2nd Miss Grand Colombia competition, beauty pageant edition

Miss Grand Colombia 2022 was the second Miss Grand Colombia pageant, held at the Hotel Grand Park in Bogotá, Colombia, on June 24, 2022.

At the end of the event, Priscilla Londoño was crowned Miss Grand Colombia 2022. She then represented Colombia at Miss Grand International 2022, held on October 25 in Indonesia, and finished as 5th Runner-Up.

==Background==
On the occasion of celebrating the pageant's first decade anniversary, Priscilla was also assumed by the international organizer to be one of the fifth runners-up, and she then spent a few months of her reign working with the organization in Indonesia and Thailand.

In addition to Miss Grand International 2022, some national finalists of Miss Grand Colombia 2022 were later assigned by the organizer to participate in other international contests, including the second runner-up, Luisa Gonzalez, for the Miss Orb International 2022 in Costa Rica, and Jenny López Bolaños for the Reina del Mundo 2022 pageant in Venezuela.
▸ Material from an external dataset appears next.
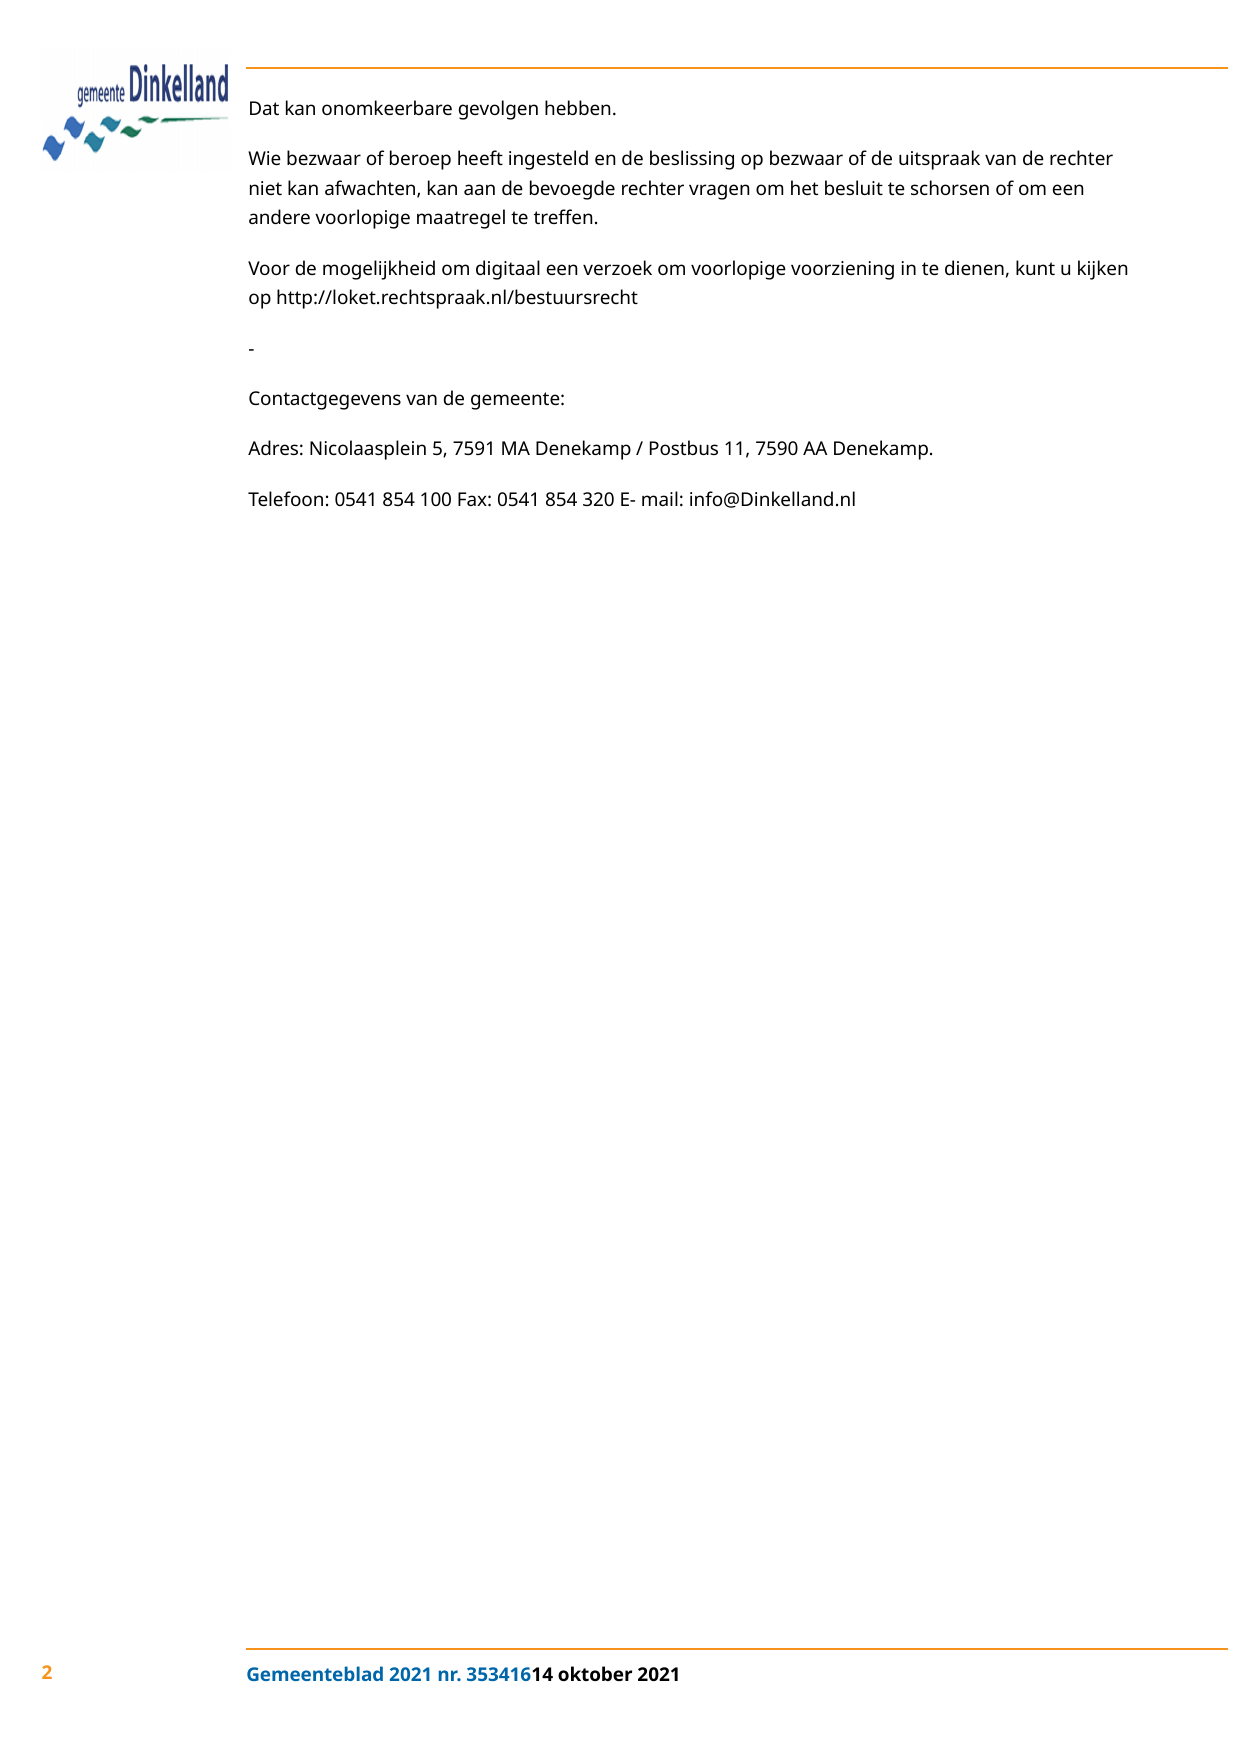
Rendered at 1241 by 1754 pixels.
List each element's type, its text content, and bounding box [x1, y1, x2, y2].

The event was hosted by Ariel Osorio, and featured a live performance by Colombian singer Adriana Lucía. Besides participants with Colombian citizenship, contestants of Colombian descent from other countries were authorized to participate.

==Results==
===Placements===

| Placement | Contestant |
|---|---|
| Miss Grand Colombia 2022 | 13 – Priscilla Londoño; |
| 1st Runner-Up | 11 – Maria Antonia Ruiz; |
| 2nd Runner-Up | 09 – Luisa González; |
| Top 6 | 07 – Loren Moreno; 12 – Matilde Lina López; 17 – Vanessa Ortiz; |
| Top 12 | 01 – Alejandra Angarita; 03 – Danna Valentina Pedreros; 04 – Jenny López Bolaños; 06 – Lizeth Montañez; 16 – Valeria Castillo; 21 – Brenda Giraldo; |

==Contestants==
21 contestants competed for the national title of Miss Grand Colombia 2022.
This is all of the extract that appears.